Врач этот и остальные друзья высказывались в тот вечер: кто захватывался речью, кто предпочел промолчать, не вынося пышные фразы и оды. Агнесса, например, младшая медсестра и коллега Анны, ни слова не проронила, укутавшись в кресле, она только всхлипывала тихонько, допуская близко к сердцу проблемы других людей. Одни сопереживали Анне открыто, другие подходили обнимать, третьи уговаривали поесть. Никто и не интересовался, почему она не была в церкви на отпевании и далее – на похоронах.

Спустя несколько закусок, которые Анна (никто не заострил внимания) накладывала себе в пустую тарелку, приготовленную (она толком не знала ритуалов) для других целей, в дело пошел алкоголь. Им нещадно заполняли бокалы и стопки, а он в свою очередь способствовал тому, что вечные темы выдохлись. Агнесса, выпив только половину предложенной ей дозы, снова плакала в кресле, утираясь салфетками и платками. Остальных же спиртное взбодрило и перебросило на другие разговоры. Кто сетовал на судьбу, кто обругивал лай соседской собаки, а кто и вовсе разводил руками, говоря «ну как же это лопнула труба» или «ну вы подумайте, куда могла подеваться целая люстра». И все думали: «и, правда, как так?» и «куда же это?».

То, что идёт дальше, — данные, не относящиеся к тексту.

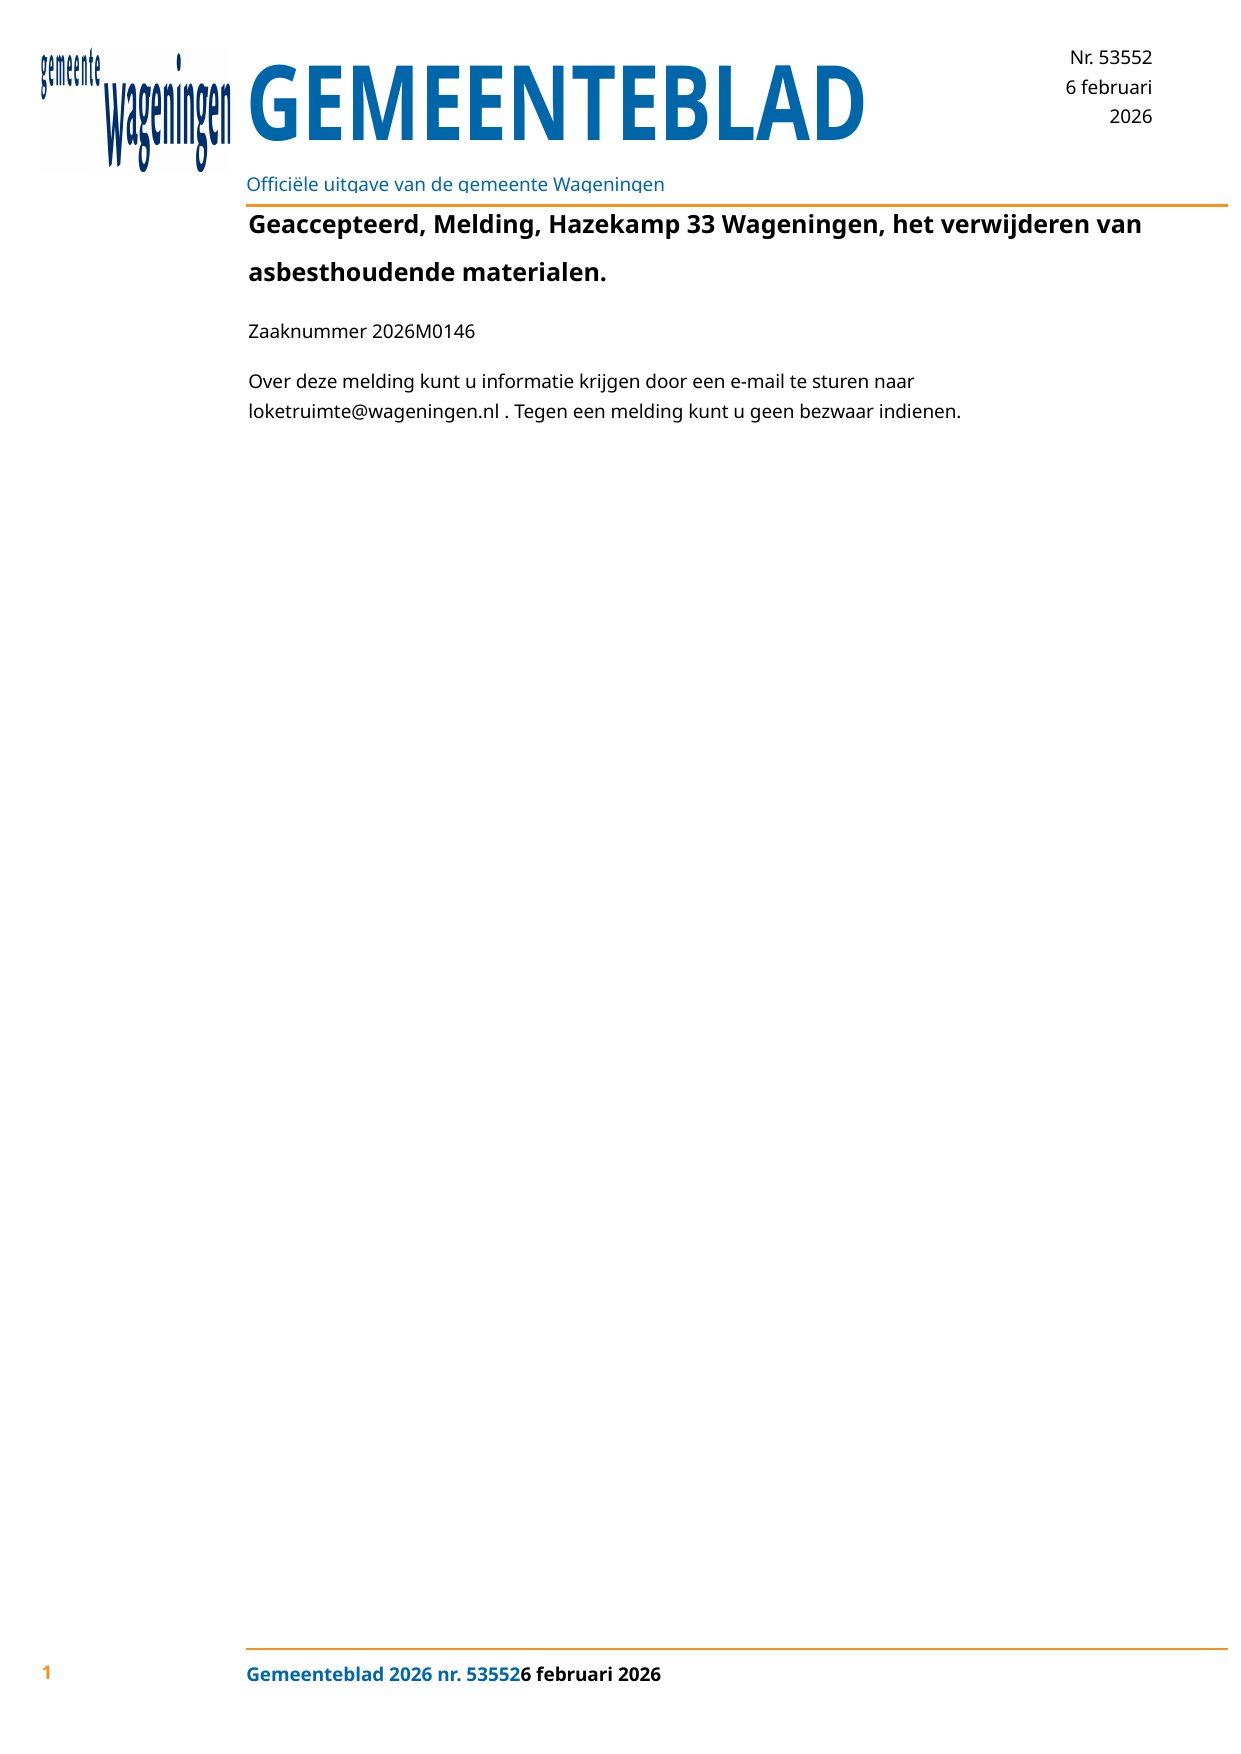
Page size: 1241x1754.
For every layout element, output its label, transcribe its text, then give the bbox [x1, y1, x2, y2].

text Geaccepteerd, Melding, Hazekamp 33 Wageningen, het verwijderen van asbesthoudende materialen. [248, 207, 1152, 288]
picture [41, 47, 231, 172]
text Zaaknummer 2026M0146 [248, 318, 1152, 344]
text Over deze melding kunt u informatie krijgen door een e-mail te sturen naar loketruimte@wageningen.nl . Tegen een melding kunt u geen bezwaar indienen. [248, 368, 1152, 424]
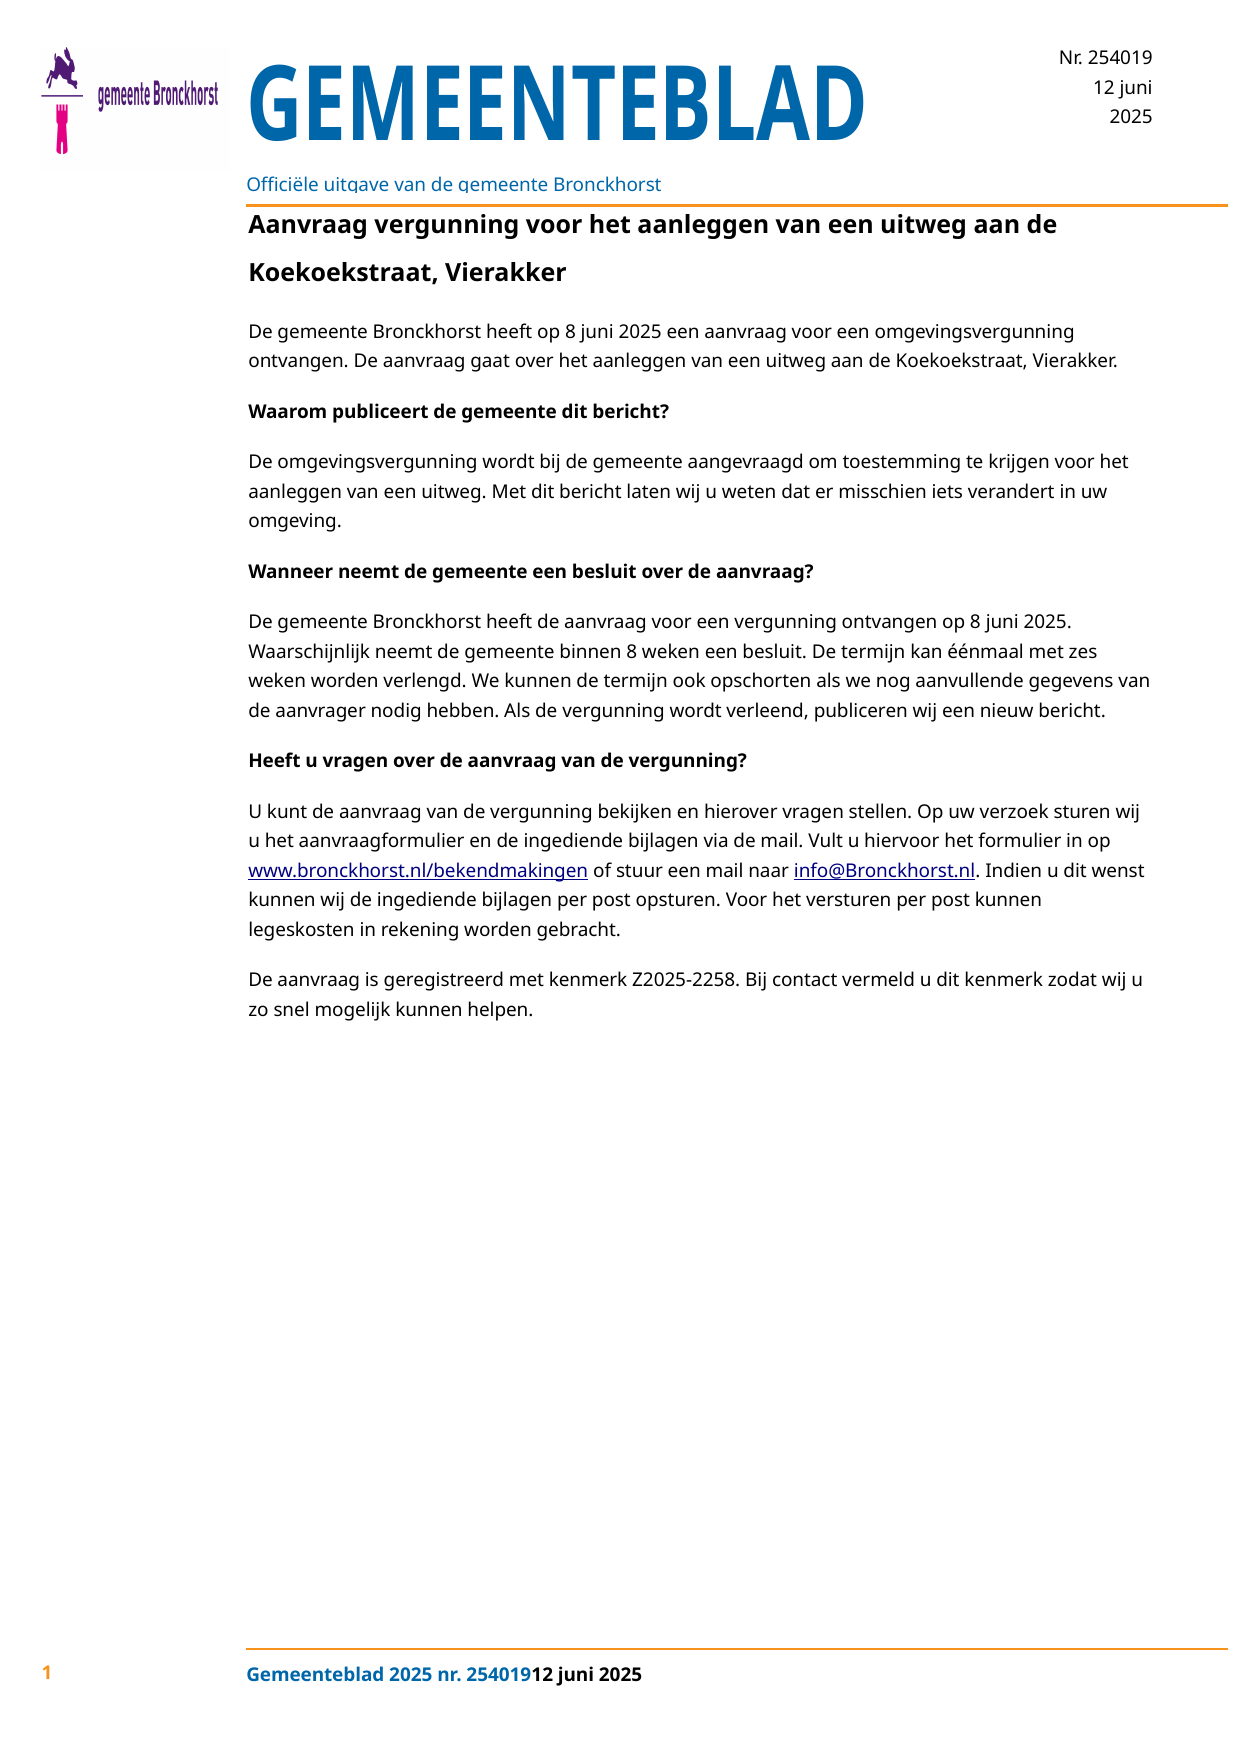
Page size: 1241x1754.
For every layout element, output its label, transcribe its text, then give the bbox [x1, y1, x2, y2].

text De aanvraag is geregistreerd met kenmerk Z2025-2258. Bij contact vermeld u dit kenmerk zodat wij u zo snel mogelijk kunnen helpen. [248, 967, 1152, 1022]
text Heeft u vragen over de aanvraag van de vergunning? [248, 747, 1152, 773]
text Aanvraag vergunning voor het aanleggen van een uitweg aan de Koekoekstraat, Vierakker [248, 207, 1152, 288]
text Wanneer neemt de gemeente een besluit over de aanvraag? [248, 558, 1152, 584]
text U kunt de aanvraag van de vergunning bekijken en hierover vragen stellen. Op uw verzoek sturen wij u het aanvraagformulier en de ingediende bijlagen via de mail. Vult u hiervoor het formulier in op www.bronckhorst.nl/bekendmakingen of stuur een mail naar info@Bronckhorst.nl. Indien u dit wenst kunnen wij de ingediende bijlagen per post opsturen. Voor het versturen per post kunnen legeskosten in rekening worden gebracht. [248, 798, 1152, 942]
text De gemeente Bronckhorst heeft op 8 juni 2025 een aanvraag voor een omgevingsvergunning ontvangen. De aanvraag gaat over het aanleggen van een uitweg aan de Koekoekstraat, Vierakker. [248, 318, 1152, 373]
text De gemeente Bronckhorst heeft de aanvraag voor een vergunning ontvangen op 8 juni 2025. Waarschijnlijk neemt de gemeente binnen 8 weken een besluit. De termijn kan éénmaal met zes weken worden verlengd. We kunnen de termijn ook opschorten als we nog aanvullende gegevens van de aanvrager nodig hebben. Als de vergunning wordt verleend, publiceren wij een nieuw bericht. [248, 608, 1152, 723]
picture [41, 47, 231, 172]
text De omgevingsvergunning wordt bij de gemeente aangevraagd om toestemming te krijgen voor het aanleggen van een uitweg. Met dit bericht laten wij u weten dat er misschien iets verandert in uw omgeving. [248, 448, 1152, 533]
text Waarom publiceert de gemeente dit bericht? [248, 398, 1152, 424]
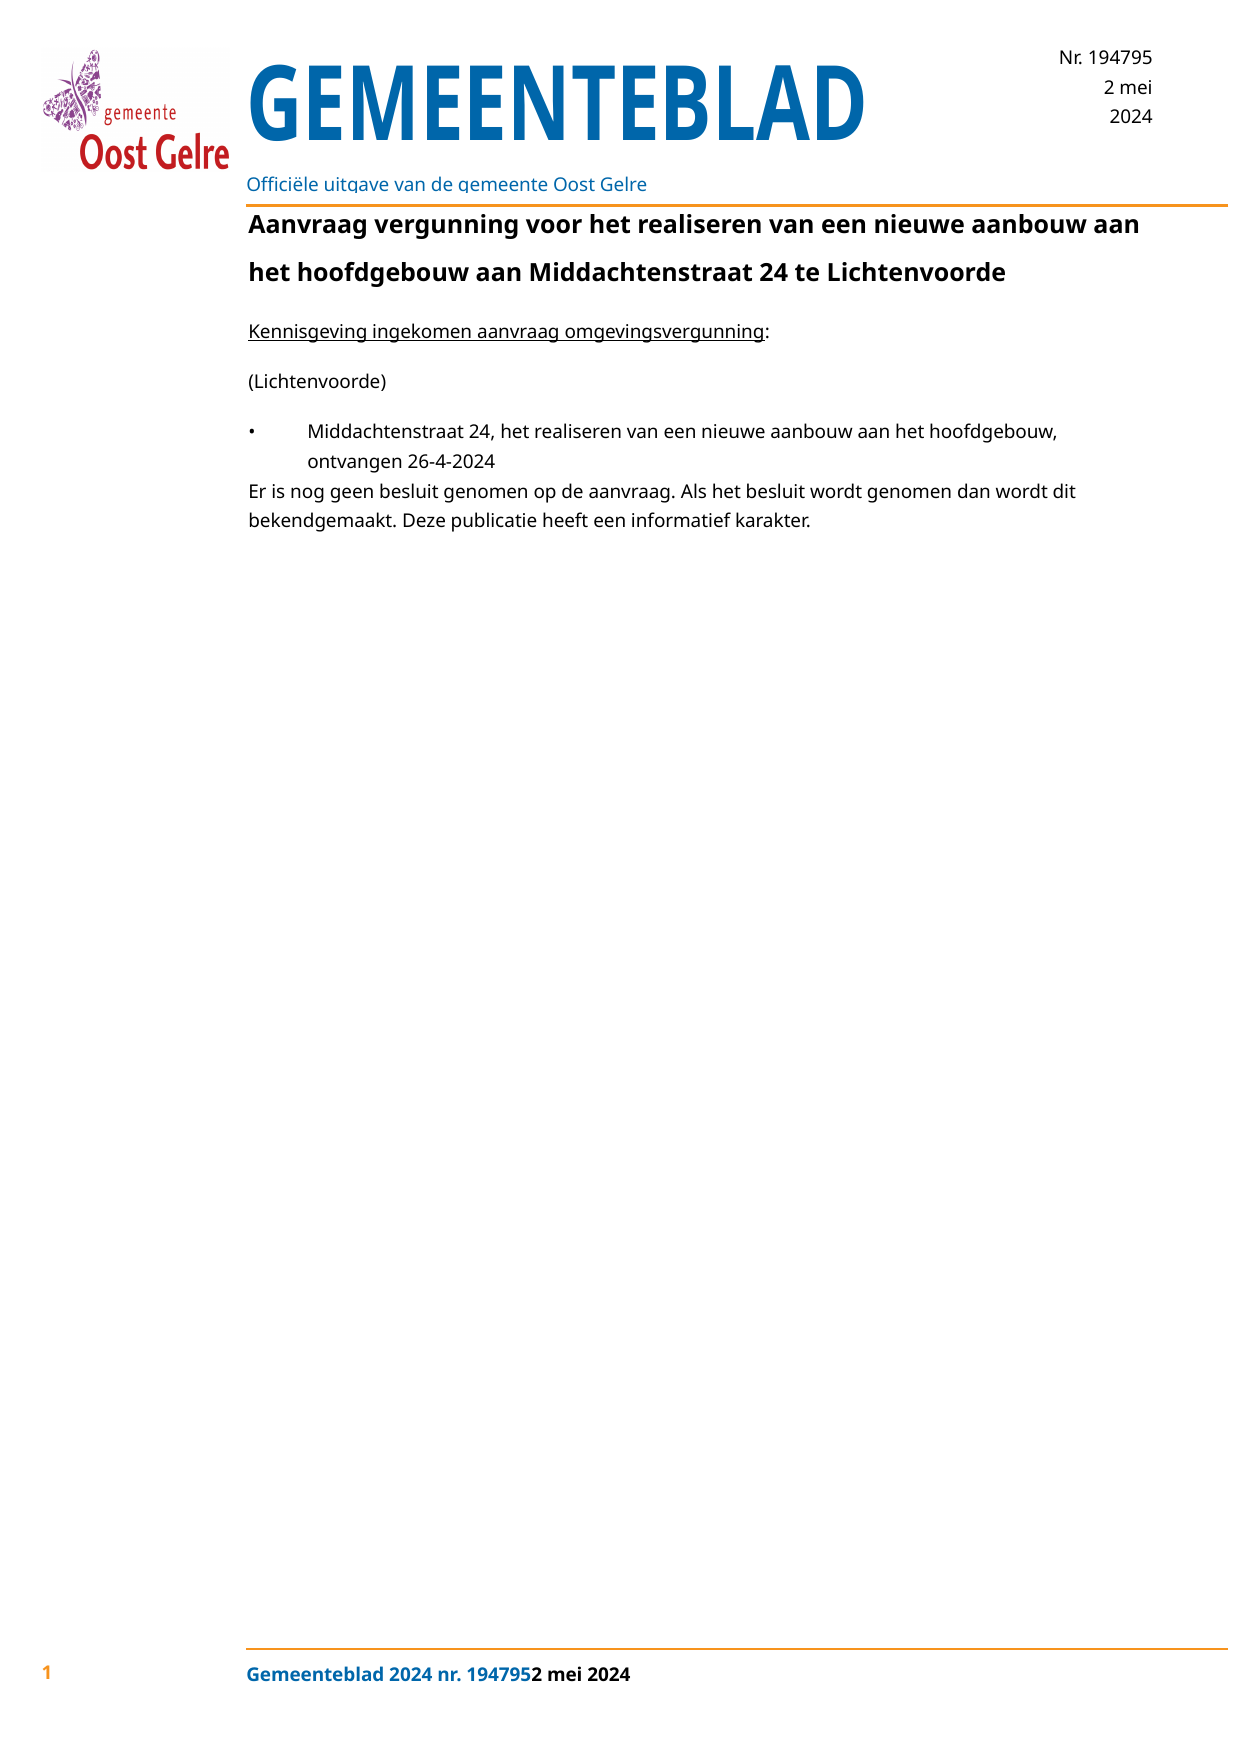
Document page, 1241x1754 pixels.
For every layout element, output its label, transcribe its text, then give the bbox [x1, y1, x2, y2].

text (Lichtenvoorde) [248, 368, 1152, 394]
picture [41, 47, 231, 172]
list Middachtenstraat 24, het realiseren van een nieuwe aanbouw aan het hoofdgebouw, ontvangen 26-4-2024 [248, 419, 1152, 474]
text Kennisgeving ingekomen aanvraag omgevingsvergunning: [248, 318, 1152, 344]
text Aanvraag vergunning voor het realiseren van een nieuwe aanbouw aan het hoofdgebouw aan Middachtenstraat 24 te Lichtenvoorde [248, 207, 1152, 288]
text Er is nog geen besluit genomen op de aanvraag. Als het besluit wordt genomen dan wordt dit bekendgemaakt. Deze publicatie heeft een informatief karakter. [248, 478, 1152, 533]

Анна большую часть вечера молчала и то мысленно раздражалась происходящим, то удалялась подышать свежим воздухом, то помышляла уйти, что и сделала после того, как Агнесса, изрядно перебрав эмоций, вдоволь наревевшись, уснула. Маргарита в тот момент как раз отлучилась в другую комнату.

Не откланявшись, Анна спустилась вниз по ступенькам и, приоткрыв дверь, выскользнула наружу, где ночь уже расстелила свое покрывало, а небо не просто усеяно было тучами, а покрыто ими целиком. Шуба по праву ночевала у Маргариты, и Анна, прикрываясь руками, как могла, запрятав руки под мышками, дабы не отморозить их, припустилась к дому через улицу, покуда подруга, не досчитавшись среди гостей, не начала отслеживать в окно ее движение или, тем более, названивать по телефону. А она могла.

В свете фонарей мелькали деревья, снег с хрустом проминался под ногами, а где-то неподалеку проезжал железнодорожный состав. Анне хотелось побыть одной, задремать, как это сделала Агнесса, и вычеркнуть из головы поминки, которые, она думала, вообще ни к чему не привели (и о Викторе все забыли и об Анне), разве что – к опьянению. И самое опасное сокрыто было в том, что алкоголь ей нравился, как средство от лишних дум. Он умалял проблемы, отшлифовывал острые углы, приносящие боль и сковывал (какое странное для алкоголя действие) страх.